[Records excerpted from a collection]
- - - - -

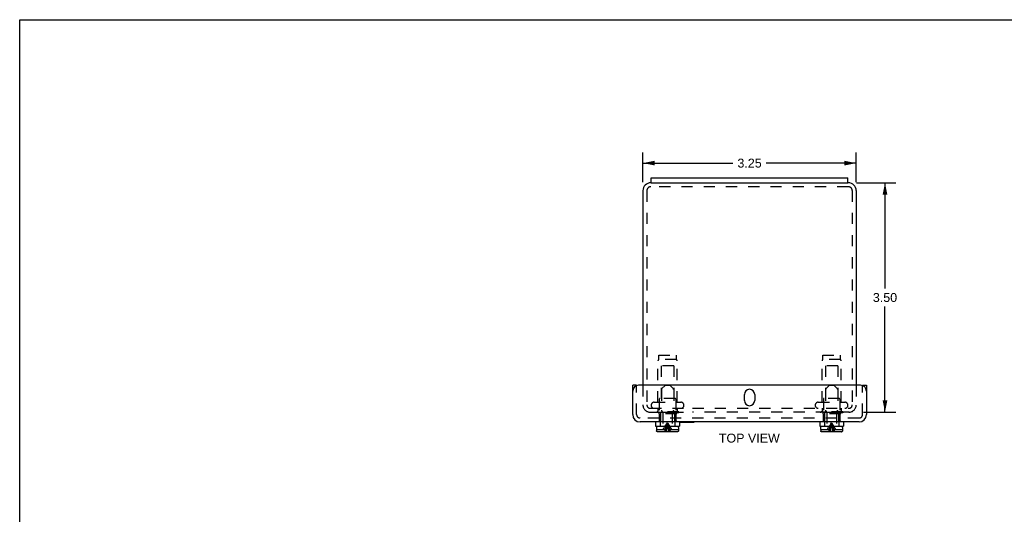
# Model space of a CAD drawing. Header units: inches. Extents: x 0 to 30.8, y 0 to 19.9.
# Tile 2 of 3: x 0 to 15, y 12.4 to 19.9. Entities that reach past the tile are written whole.
import ezdxf

# ---------------------------------------------------------------- set-up
doc = ezdxf.new("R2010")
doc.units = ezdxf.units.IN
doc.header["$LTSCALE"] = 1.694904
doc.header["$MEASUREMENT"] = 0
doc.linetypes.add('HIDDEN', pattern=[0.2, 0.1, -0.1])
doc.layers.get('0').update_dxf_attribs({"linetype": 'CONTINUOUS'})
for name, color, linetype in [('DEFAULT_2', 8, 'HIDDEN'), ('DIMENSIONS', 7, 'CONTINUOUS'), ('DOOR_ASSEMBLY', 7, 'CONTINUOUS')]:
    doc.layers.add(name, color=color, linetype=linetype)
doc.styles.get("Standard").update_dxf_attribs({"font": 'arial.ttf'})
doc.dimstyles.new('DIMSTYLE_2', dxfattribs={"dimtxt": 0.135955, "dimasz": 0.181273, "dimexe": 0.09, "dimexo": 0.07, "dimgap": 0.0375, "dimtad": 0, "dimtih": 1, "dimtoh": 1, "dimzin": 4, "dimdsep": 46, "dimtxsty": 'Standard', "dimblk": '_FILLED', "dimblk1": '_FILLED', "dimblk2": '_FILLED', "dimcen": 0.09, "dimadec": 3, "dimazin": 1, "dimtfac": 1, "dimtdec": 3, "dimtofl": 0, "dimtmove": 0, "dimatfit": 3, "dimldrblk": '_FILLED', "dimfxl": 0, "dimtolj": 1, "dimtzin": 4, "dimarcsym": 0})

# ---------------------------------------------------------------- blocks, each defined once
blk = doc.blocks.new('_FILLED')
at = {"color": 0, "linetype": 'ByBlock'}
blk.add_solid([(0, 0), (-1, 0.2), (-1, -0.2)], dxfattribs=at)
blk = doc.blocks.new('*D9')
at = {"layer": 'DIMENSIONS', "color": 2, "linetype": 'Continuous'}
for p, q in [((9.497, 17.459), (9.497, 17.915)), ((12.747, 17.459), (12.747, 17.915)), ((9.497, 17.752), (10.869, 17.752)), ((12.747, 17.752), (11.375, 17.752))]:
    blk.add_line(p, q, dxfattribs=at)
at = {"layer": 'DIMENSIONS', "color": 2, "linetype": 'Continuous', "xscale": 0.1812731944, "yscale": 0.1812731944, "zscale": 0.1812731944, "rotation": 180}
blk.add_blockref('_FILLED', (9.497, 17.752), dxfattribs=at)
at = {"layer": 'DIMENSIONS', "color": 2, "linetype": 'Continuous', "xscale": 0.1812731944, "yscale": 0.1812731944, "zscale": 0.1812731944}
blk.add_blockref('_FILLED', (12.747, 17.752), dxfattribs=at)
at = {"layer": 'DIMENSIONS', "color": 2, "linetype": 'Continuous', "insert": (11.122, 17.82), "char_height": 0.136, "width": 0.36945, "attachment_point": 2, "line_spacing_factor": 0.9}
blk.add_mtext('3.25', dxfattribs=at)
blk = doc.blocks.new('*D15')
at = {"layer": 'DIMENSIONS', "color": 2, "linetype": 'Continuous'}
for p, q in [((12.754, 17.452), (13.35, 17.452)), ((13.186, 17.452), (13.186, 15.838)), ((13.186, 13.952), (13.186, 15.566)), ((12.859, 13.952), (13.35, 13.952))]:
    blk.add_line(p, q, dxfattribs=at)
at = {"layer": 'DIMENSIONS', "color": 2, "linetype": 'Continuous', "xscale": 0.1812731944, "yscale": 0.1812731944, "zscale": 0.1812731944}
for p, rotation in [((13.186, 17.452), 90), ((13.186, 13.952), 270)]:
    blk.add_blockref('_FILLED', p, dxfattribs=dict(at, rotation=rotation))
at = {"layer": 'DIMENSIONS', "color": 2, "linetype": 'Continuous', "insert": (13.186, 15.77), "char_height": 0.136, "width": 0.36945, "attachment_point": 2, "line_spacing_factor": 0.9}
blk.add_mtext('3.50', dxfattribs=at)

msp = doc.modelspace()

# ---------------------------------------------------------------- linework, layer by layer
at = {"color": 7, "linetype": 'Continuous'}
for p, q in [((0, 0), (0, 19.9401)), ((0, 19.9401), (30.8164, 19.9401)), ((9.6221, 17.4517), (9.6221, 17.5267)), ((9.6221, 17.4517), (12.6221, 17.4517)), ((12.6221, 17.4517), (12.6221, 17.5267))]:
    msp.add_line(p, q, dxfattribs=at)
at = {"color": 3, "linetype": 'Continuous'}
for p, q in [((9.6221, 17.4517), (9.6171, 17.4517)), ((9.6221, 17.5267), (12.6221, 17.5267)), ((12.6271, 17.4517), (12.6221, 17.4517)), ((9.4971, 17.3317), (9.4971, 14.3637)), ((12.7471, 17.3317), (12.7471, 14.3637))]:
    msp.add_line(p, q, dxfattribs=at)
for centre, start, end in [((9.6171, 17.3317), 90, 180), ((12.6271, 17.3317), 0, 90)]:
    msp.add_arc(centre, 0.12, start, end, dxfattribs=at)
at = {"layer": 'DEFAULT_2', "color": 8, "linetype": 'HIDDEN'}
for p, q in [((9.5571, 17.3317), (9.5571, 14.0667)), ((12.6271, 17.3917), (9.6171, 17.3917)), ((12.6871, 17.3317), (12.6871, 14.0667)), ((9.7261, 14.1042), (9.7261, 14.7373)), ((9.7371, 14.7552), (9.7371, 14.8242)), ((9.7371, 14.8242), (10.0071, 14.8242)), ((10.0071, 14.7552), (9.7371, 14.7552)), ((10.0071, 14.7552), (10.0071, 14.8242)), ((10.0181, 14.1042), (10.0181, 14.7373)), ((12.2261, 14.1042), (12.2261, 14.7373)), ((12.2371, 14.8242), (12.5071, 14.8242)), ((12.2371, 14.7552), (12.2371, 14.8242)), ((12.5071, 14.7552), (12.2371, 14.7552)), ((12.5071, 14.7552), (12.5071, 14.8242)), ((12.5181, 14.1042), (12.5181, 14.7373)), ((9.7771, 14.6617), (9.7771, 14.1617)), ((9.9671, 14.6617), (9.7771, 14.6617)), ((9.9671, 14.6617), (9.9671, 14.1617)), ((12.4671, 14.6617), (12.2771, 14.6617)), ((12.2771, 14.6617), (12.2771, 14.1617)), ((12.4671, 14.6617), (12.4671, 14.1617)), ((9.4971, 14.3637), (9.4971, 14.0637)), ((12.7471, 14.3637), (12.7471, 14.0667)), ((9.6684, 14.1042), (10.0759, 14.1042)), ((9.7471, 14.1517), (9.7471, 13.9417)), ((9.9871, 14.1617), (9.7571, 14.1617)), ((9.9971, 14.1517), (9.9971, 13.9417)), ((12.1684, 14.1042), (12.5759, 14.1042)), ((12.2471, 14.1517), (12.2471, 13.9417)), ((12.4871, 14.1617), (12.2571, 14.1617)), ((12.4971, 14.1517), (12.4971, 13.9417)), ((9.5571, 14.0667), (9.5571, 14.0637)), ((9.6091, 14.0117), (10.2533, 14.0117)), ((10.0421, 13.9597), (9.7021, 13.9597)), ((9.7021, 13.9597), (9.7021, 13.9417)), ((9.7261, 14.0117), (9.7261, 13.9697)), ((10.0181, 14.0117), (10.0181, 13.9697)), ((10.0421, 13.9597), (10.0421, 13.9417)), ((10.2534, 14.0117), (12.6351, 14.0117)), ((12.5421, 13.9597), (12.2021, 13.9597)), ((12.2021, 13.9597), (12.2021, 13.9417)), ((12.2261, 14.0117), (12.2261, 13.9697)), ((12.5181, 14.0117), (12.5181, 13.9697)), ((12.5421, 13.9597), (12.5421, 13.9417)), ((9.6091, 13.9517), (10.2533, 13.9517)), ((10.0421, 13.9417), (9.7021, 13.9417)), ((12.6401, 13.9517), (10.2534, 13.9517)), ((12.5421, 13.9417), (12.2021, 13.9417))]:
    msp.add_line(p, q, dxfattribs=at)
for centre, radius, start, end in [((9.6171, 17.3317), 0.06, 90, 180), ((12.6271, 17.3317), 0.06, 0, 90), ((9.7461, 14.7373), 0.02, 116.74368, 180), ((9.9981, 14.7373), 0.02, 0, 63.25632), ((12.2461, 14.7373), 0.02, 116.74368, 180), ((12.4981, 14.7373), 0.02, 0, 63.25632), ((9.6684, 14.0579), 0.0462, 90, 270), ((9.7571, 14.1517), 0.01, 90, 180), ((9.9871, 14.1517), 0.01, 0, 90), ((10.0759, 14.0579), 0.0462, 270, 90), ((12.1684, 14.0579), 0.0462, 90, 270), ((12.2571, 14.1517), 0.01, 90, 180), ((12.4871, 14.1517), 0.01, 0, 90), ((12.5759, 14.0579), 0.0462, 270, 90), ((9.6091, 14.0637), 0.112, 180, 270), ((9.6091, 14.0637), 0.052, 180, 270), ((9.7161, 13.9697), 0.01, 270, 360), ((10.0281, 13.9697), 0.01, 180, 270), ((12.2161, 13.9697), 0.01, 270, 360), ((12.5281, 13.9697), 0.01, 180, 270), ((12.6351, 14.0637), 0.112, 270, 360), ((12.6351, 14.0637), 0.052, 270, 360)]:
    msp.add_arc(centre, radius, start, end, dxfattribs=at)
at = {"layer": 'DOOR_ASSEMBLY', "color": 3, "linetype": 'Continuous'}
for p, q in [((9.3409, 13.9157), (9.3409, 14.3637)), ((12.8134, 14.3637), (9.4309, 14.3637)), ((12.9034, 14.3637), (12.9034, 13.9157)), ((11.044, 14.1293), (11.044, 14.2231)), ((11.2003, 14.2231), (11.2003, 14.1293)), ((12.7914, 13.8037), (9.4529, 13.8037))]:
    msp.add_line(p, q, dxfattribs=at)
at = {"layer": 'DOOR_ASSEMBLY', "color": 7, "linetype": 'Continuous'}
for p, q in [((9.4009, 14.3637), (9.3409, 14.3637)), ((12.8434, 14.3637), (12.9034, 14.3637)), ((9.6911, 13.8037), (9.6911, 13.7412)), ((9.6911, 13.7412), (10.0531, 13.7412)), ((9.7051, 13.7212), (9.7051, 13.6862)), ((9.706, 13.6862), (9.7051, 13.6862)), ((9.706, 13.6862), (9.706, 13.6682)), ((10.0241, 13.7362), (9.7201, 13.7362)), ((9.7991, 13.7412), (9.7991, 13.7362)), ((9.9451, 13.7412), (9.9451, 13.7362)), ((10.0391, 13.6862), (10.0383, 13.6862)), ((10.0383, 13.6862), (10.0383, 13.6682)), ((10.0391, 13.7212), (10.0391, 13.6862)), ((10.0531, 13.8037), (10.0531, 13.7412)), ((10.0531, 13.7997), (10.2789, 13.7997)), ((10.2789, 13.7997), (10.2789, 13.8037)), ((12.1911, 13.8037), (12.1911, 13.7412)), ((12.1911, 13.7412), (12.5531, 13.7412)), ((12.2051, 13.7212), (12.2051, 13.6862)), ((12.206, 13.6862), (12.2051, 13.6862)), ((12.206, 13.6862), (12.206, 13.6682)), ((12.5241, 13.7362), (12.2201, 13.7362)), ((12.2991, 13.7412), (12.2991, 13.7362)), ((12.4451, 13.7412), (12.4451, 13.7362)), ((12.5391, 13.6862), (12.5383, 13.6862)), ((12.5383, 13.6862), (12.5383, 13.6682)), ((12.5391, 13.7212), (12.5391, 13.6862)), ((12.5531, 13.8037), (12.5531, 13.7412)), ((10.0232, 13.6532), (9.721, 13.6532)), ((12.5232, 13.6532), (12.221, 13.6532))]:
    msp.add_line(p, q, dxfattribs=at)
at = {"layer": 'DOOR_ASSEMBLY', "color": 8, "linetype": 'HIDDEN'}
for p, q in [((9.4009, 13.9157), (9.4009, 14.3637)), ((9.7781, 14.296), (9.7781, 13.9824)), ((9.8391, 14.3632), (9.7825, 14.3066)), ((9.8391, 14.3632), (9.9051, 14.3632)), ((9.9051, 14.3632), (9.9618, 14.3066)), ((9.9661, 14.296), (9.9661, 13.9824)), ((12.2781, 14.296), (12.2781, 13.9824)), ((12.3391, 14.3632), (12.2825, 14.3066)), ((12.3391, 14.3632), (12.4051, 14.3632)), ((12.4051, 14.3632), (12.4618, 14.3066)), ((12.4661, 14.296), (12.4661, 13.9824)), ((12.8434, 13.9157), (12.8434, 14.3637)), ((9.7948, 13.9596), (9.7825, 13.9718)), ((9.9495, 13.9596), (9.9618, 13.9718)), ((12.2948, 13.9596), (12.2825, 13.9718)), ((12.4495, 13.9596), (12.4618, 13.9718)), ((12.7914, 13.8637), (9.4529, 13.8637)), ((9.7403, 13.9365), (9.7323, 13.9287)), ((10.012, 13.9287), (9.7323, 13.9287)), ((9.748, 13.944), (9.7403, 13.9364)), ((9.7663, 13.8212), (9.7421, 13.8212)), ((9.7421, 13.8212), (9.7421, 13.8037)), ((9.7457, 13.9287), (9.7457, 13.8212)), ((9.748, 13.9439), (9.7554, 13.9512)), ((9.7554, 13.9512), (9.9889, 13.9512)), ((9.7621, 13.8212), (9.7621, 13.7412)), ((9.7663, 13.9512), (9.7663, 13.8212)), ((9.7991, 13.949), (9.7991, 13.7412)), ((9.9451, 13.949), (9.9451, 13.7412)), ((9.978, 13.9512), (9.978, 13.8212)), ((10.0021, 13.8212), (9.978, 13.8212)), ((9.9821, 13.8212), (9.9821, 13.7412)), ((9.9963, 13.9439), (9.9889, 13.9512)), ((10.004, 13.9364), (9.9963, 13.944)), ((9.9986, 13.9287), (9.9986, 13.8212)), ((10.0021, 13.8212), (10.0021, 13.8037)), ((10.004, 13.9365), (10.012, 13.9287)), ((12.2403, 13.9365), (12.2323, 13.9287)), ((12.512, 13.9287), (12.2323, 13.9287)), ((12.248, 13.944), (12.2403, 13.9364)), ((12.2663, 13.8212), (12.2421, 13.8212)), ((12.2421, 13.8212), (12.2421, 13.8037)), ((12.2457, 13.9287), (12.2457, 13.8212)), ((12.248, 13.9439), (12.2554, 13.9512)), ((12.2554, 13.9512), (12.4889, 13.9512)), ((12.2621, 13.8212), (12.2621, 13.7412)), ((12.2663, 13.9512), (12.2663, 13.8212)), ((12.2991, 13.949), (12.2991, 13.7412)), ((12.4451, 13.949), (12.4451, 13.7412)), ((12.478, 13.9512), (12.478, 13.8212)), ((12.5021, 13.8212), (12.478, 13.8212)), ((12.4821, 13.8212), (12.4821, 13.7412)), ((12.4963, 13.9439), (12.4889, 13.9512)), ((12.504, 13.9364), (12.4963, 13.944)), ((12.4986, 13.9287), (12.4986, 13.8212)), ((12.5021, 13.8212), (12.5021, 13.8037)), ((12.504, 13.9365), (12.512, 13.9287)), ((9.706, 13.6862), (9.8396, 13.6862)), ((9.706, 13.6667), (9.7063, 13.6653)), ((9.7071, 13.6625), (9.7071, 13.6624)), ((9.7077, 13.6611), (9.7077, 13.6611)), ((9.7085, 13.6599), (9.7085, 13.6599)), ((9.7094, 13.6587), (9.7094, 13.6587)), ((9.7104, 13.6576), (9.7104, 13.6576)), ((9.7115, 13.6566), (9.7115, 13.6566)), ((9.7127, 13.6557), (9.7127, 13.6557)), ((9.7139, 13.655), (9.7139, 13.655)), ((9.7153, 13.6543), (9.7153, 13.6543)), ((9.8265, 13.7217), (9.837, 13.7392)), ((9.9047, 13.6862), (10.0383, 13.6862)), ((9.9177, 13.7217), (9.9073, 13.7392)), ((10.029, 13.6543), (10.029, 13.6543)), ((10.0303, 13.655), (10.0304, 13.655)), ((10.0316, 13.6557), (10.0316, 13.6557)), ((10.0328, 13.6566), (10.0328, 13.6566)), ((10.0339, 13.6576), (10.0339, 13.6576)), ((10.0349, 13.6587), (10.0349, 13.6587)), ((10.0358, 13.6599), (10.0358, 13.6599)), ((10.0365, 13.6611), (10.0365, 13.6611)), ((10.0372, 13.6624), (10.0372, 13.6625)), ((12.206, 13.6862), (12.3396, 13.6862)), ((12.206, 13.6667), (12.2063, 13.6653)), ((12.2071, 13.6625), (12.2071, 13.6624)), ((12.2077, 13.6611), (12.2077, 13.6611)), ((12.2085, 13.6599), (12.2085, 13.6599)), ((12.2094, 13.6587), (12.2094, 13.6587)), ((12.2104, 13.6576), (12.2104, 13.6576)), ((12.2115, 13.6566), (12.2115, 13.6566)), ((12.2127, 13.6557), (12.2127, 13.6557)), ((12.2139, 13.655), (12.2139, 13.655)), ((12.2153, 13.6543), (12.2153, 13.6543)), ((12.3265, 13.7217), (12.337, 13.7392)), ((12.4047, 13.6862), (12.5383, 13.6862)), ((12.4177, 13.7217), (12.4073, 13.7392)), ((12.529, 13.6543), (12.529, 13.6543)), ((12.5303, 13.655), (12.5304, 13.655)), ((12.5316, 13.6557), (12.5316, 13.6557)), ((12.5328, 13.6566), (12.5328, 13.6566)), ((12.5339, 13.6576), (12.5339, 13.6576)), ((12.5349, 13.6587), (12.5349, 13.6587)), ((12.5358, 13.6599), (12.5358, 13.6599)), ((12.5365, 13.6611), (12.5365, 13.6611)), ((12.5372, 13.6624), (12.5372, 13.6625)), ((10.0247, 13.6533), (10.0262, 13.6535)), ((12.2196, 13.6533), (12.2196, 13.6533)), ((12.5247, 13.6533), (12.5262, 13.6535))]:
    msp.add_line(p, q, dxfattribs=at)
at = {"layer": 'DOOR_ASSEMBLY', "color": 7, "linetype": 'Continuous'}
for points in [[(9.721, 13.6532), (9.7196, 13.6533), (9.7181, 13.6535), (9.7167, 13.6538), (9.7153, 13.6543), (9.7139, 13.655), (9.7127, 13.6557), (9.7115, 13.6566), (9.7104, 13.6576), (9.7094, 13.6587), (9.7085, 13.6599), (9.7077, 13.6611), (9.7071, 13.6624), (9.7066, 13.6638), (9.7063, 13.6653), (9.706, 13.6667), (9.706, 13.6682)], [(10.0383, 13.6682), (10.0383, 13.6667), (10.038, 13.6653), (10.0377, 13.6638), (10.0372, 13.6625), (10.0365, 13.6611), (10.0358, 13.6599), (10.0349, 13.6587), (10.0339, 13.6576), (10.0328, 13.6566), (10.0316, 13.6557), (10.0304, 13.655), (10.029, 13.6543), (10.0276, 13.6538), (10.0262, 13.6535), (10.0247, 13.6533), (10.0232, 13.6532)], [(12.221, 13.6532), (12.2196, 13.6533), (12.2181, 13.6535), (12.2167, 13.6538), (12.2153, 13.6543), (12.2139, 13.655), (12.2127, 13.6557), (12.2115, 13.6566), (12.2104, 13.6576), (12.2094, 13.6587), (12.2085, 13.6599), (12.2077, 13.6611), (12.2071, 13.6624), (12.2066, 13.6638), (12.2063, 13.6653), (12.206, 13.6667), (12.206, 13.6682)], [(12.5383, 13.6682), (12.5383, 13.6667), (12.538, 13.6653), (12.5377, 13.6638), (12.5372, 13.6625), (12.5365, 13.6611), (12.5358, 13.6599), (12.5349, 13.6587), (12.5339, 13.6576), (12.5328, 13.6566), (12.5316, 13.6557), (12.5304, 13.655), (12.529, 13.6543), (12.5276, 13.6538), (12.5262, 13.6535), (12.5247, 13.6533), (12.5232, 13.6532)]]:
    msp.add_lwpolyline(points, dxfattribs=at)
at = {"layer": 'DOOR_ASSEMBLY', "color": 8, "linetype": 'HIDDEN'}
for points in [[(9.8074, 13.6862), (9.8167, 13.7041), (9.8265, 13.7217)], [(9.8396, 13.6862), (9.8372, 13.681), (9.8348, 13.6757), (9.8324, 13.6703), (9.8299, 13.6647), (9.8275, 13.659), (9.8251, 13.6532)], [(9.8341, 13.6862), (9.8396, 13.7041), (9.8454, 13.7217), (9.8515, 13.7392), (9.858, 13.7564), (9.8649, 13.7734), (9.8721, 13.7902)], [(9.837, 13.7392), (9.8481, 13.7564), (9.8598, 13.7734), (9.8721, 13.7902)], [(9.8445, 13.6532), (9.8482, 13.677), (9.8523, 13.7003), (9.8567, 13.7234), (9.8615, 13.746), (9.8666, 13.7683), (9.8721, 13.7902)], [(9.8556, 13.6532), (9.8579, 13.677), (9.8603, 13.7003), (9.8629, 13.7234)], [(9.8629, 13.7234), (9.8658, 13.746), (9.8689, 13.7683), (9.8721, 13.7902)], [(9.9073, 13.7392), (9.8962, 13.7564), (9.8845, 13.7734), (9.8721, 13.7902)], [(9.9102, 13.6862), (9.9047, 13.7041), (9.8989, 13.7217), (9.8928, 13.7392), (9.8863, 13.7564), (9.8794, 13.7734), (9.8721, 13.7902)], [(9.8876, 13.7234), (9.8828, 13.746), (9.8776, 13.7683), (9.8721, 13.7902)], [(9.8814, 13.7234), (9.8785, 13.746), (9.8754, 13.7683), (9.8721, 13.7902)], [(9.8886, 13.6532), (9.8864, 13.677), (9.884, 13.7003), (9.8814, 13.7234)], [(9.8998, 13.6532), (9.8961, 13.677), (9.892, 13.7003), (9.8876, 13.7234)], [(9.9047, 13.6862), (9.9071, 13.681), (9.9095, 13.6757), (9.9119, 13.6703), (9.9143, 13.6648), (9.9167, 13.659), (9.9191, 13.6532)], [(9.9369, 13.6862), (9.9276, 13.7041), (9.9177, 13.7217)], [(12.3074, 13.6862), (12.3167, 13.7041), (12.3265, 13.7217)], [(12.3396, 13.6862), (12.3372, 13.681), (12.3348, 13.6757), (12.3324, 13.6703), (12.3299, 13.6647), (12.3275, 13.659), (12.3251, 13.6532)], [(12.3341, 13.6862), (12.3396, 13.7041), (12.3454, 13.7217), (12.3515, 13.7392)], [(12.337, 13.7392), (12.3481, 13.7564), (12.3598, 13.7734), (12.3721, 13.7902)], [(12.3445, 13.6532), (12.3482, 13.677), (12.3523, 13.7003), (12.3567, 13.7234), (12.3615, 13.746), (12.3666, 13.7683), (12.3721, 13.7902)], [(12.3515, 13.7392), (12.358, 13.7564), (12.3649, 13.7734), (12.3721, 13.7902)], [(12.3556, 13.6532), (12.3579, 13.677), (12.3603, 13.7003), (12.3629, 13.7234)], [(12.3629, 13.7234), (12.3658, 13.746), (12.3689, 13.7683), (12.3721, 13.7902)], [(12.4073, 13.7392), (12.3962, 13.7564), (12.3845, 13.7734), (12.3721, 13.7902)], [(12.3928, 13.7392), (12.3863, 13.7564), (12.3794, 13.7734), (12.3721, 13.7902)], [(12.3998, 13.6532), (12.3961, 13.677), (12.392, 13.7003), (12.3876, 13.7234), (12.3828, 13.746), (12.3776, 13.7683), (12.3721, 13.7902)], [(12.3814, 13.7234), (12.3785, 13.746), (12.3754, 13.7683), (12.3721, 13.7902)], [(12.3886, 13.6532), (12.3864, 13.677), (12.384, 13.7003), (12.3814, 13.7234)], [(12.4102, 13.6862), (12.4047, 13.7041), (12.3989, 13.7217), (12.3928, 13.7392)], [(12.4047, 13.6862), (12.4071, 13.681), (12.4095, 13.6757), (12.4119, 13.6703), (12.4143, 13.6648), (12.4167, 13.659), (12.4191, 13.6532)], [(12.4369, 13.6862), (12.4276, 13.7041), (12.4177, 13.7217)]]:
    msp.add_lwpolyline(points, dxfattribs=at)
at = {"layer": 'DOOR_ASSEMBLY', "color": 3, "linetype": 'Continuous'}
for centre, radius, start, end in [((9.4309, 14.2737), 0.09, 90, 180), ((11.1221, 14.2231), 0.0781, 0, 180), ((12.8134, 14.2737), 0.09, 0, 90), ((11.1221, 14.1293), 0.0781, 180, 360), ((9.4529, 13.9157), 0.112, 180, 270), ((12.7914, 13.9157), 0.112, 270, 360)]:
    msp.add_arc(centre, radius, start, end, dxfattribs=at)
at = {"layer": 'DOOR_ASSEMBLY', "color": 8, "linetype": 'HIDDEN'}
for centre, radius, start, end in [((9.7931, 14.296), 0.015, 134.99999, 180), ((9.9511, 14.296), 0.015, 0, 45.00001), ((12.2931, 14.296), 0.015, 134.99999, 180), ((12.4511, 14.296), 0.015, 0, 45.00001), ((9.7931, 13.9824), 0.015, 180, 224.99995), ((9.7841, 13.949), 0.015, 0, 44.99994), ((9.9601, 13.949), 0.015, 135.00006, 180), ((9.9511, 13.9824), 0.015, 315.00005, 360), ((12.2931, 13.9824), 0.015, 180, 224.99995), ((12.2841, 13.949), 0.015, 0, 44.99994), ((12.4601, 13.949), 0.015, 135.00006, 180), ((12.4511, 13.9824), 0.015, 315.00005, 360), ((9.4529, 13.9157), 0.052, 180, 270), ((12.7914, 13.9157), 0.052, 270, 360)]:
    msp.add_arc(centre, radius, start, end, dxfattribs=at)
at = {"layer": 'DOOR_ASSEMBLY', "color": 7, "linetype": 'Continuous'}
for centre, start, end in [((9.7201, 13.7212), 90, 180), ((10.0241, 13.7212), 0, 90), ((12.2201, 13.7212), 90, 180), ((12.5241, 13.7212), 0, 90)]:
    msp.add_arc(centre, 0.015, start, end, dxfattribs=at)

# ---------------------------------------------------------------- texts
at = {"layer": 'DIMENSIONS', "color": 2, "linetype": 'Continuous', "insert": (11.1188, 13.6252), "char_height": 0.13595, "width": 0.926414, "attachment_point": 2, "line_spacing_factor": 0.9}
msp.add_mtext('TOP VIEW', dxfattribs=at)

# ---------------------------------------------------------------- dimensions: what is measured, and where the dimension line sits
at = {"layer": 'DIMENSIONS', "color": 2, "linetype": 'Continuous'}
dim = msp.add_linear_dim(base=(12.7471, 17.7523), p1=(9.4971, 17.3886), p2=(12.7471, 17.3886), dimstyle='DIMSTYLE_2', dxfattribs=at)
dim.commit()
dim.dimension.update_dxf_attribs({"geometry": '*D9', "text_midpoint": (11.1225, 17.7515), "dimtype": 160})
dim = msp.add_linear_dim(base=(13.1865, 13.9517), p1=(12.684, 17.4517), p2=(12.789, 13.9517), angle=270, dimstyle='DIMSTYLE_2', dxfattribs=at)
dim.commit()
dim.dimension.update_dxf_attribs({"geometry": '*D15', "text_midpoint": (13.1863, 15.7009), "dimtype": 160})

doc.saveas('drawing.dxf')

- - - - -

Task to carry out: Display each line of the data where "base" occurs.

Result:
dim = msp.add_linear_dim(base=(12.7471, 17.7523), p1=(9.4971, 17.3886), p2=(12.7471, 17.3886), dimstyle='DIMSTYLE_2', dxfattribs=at)
dim = msp.add_linear_dim(base=(13.1865, 13.9517), p1=(12.684, 17.4517), p2=(12.789, 13.9517), angle=270, dimstyle='DIMSTYLE_2', dxfattribs=at)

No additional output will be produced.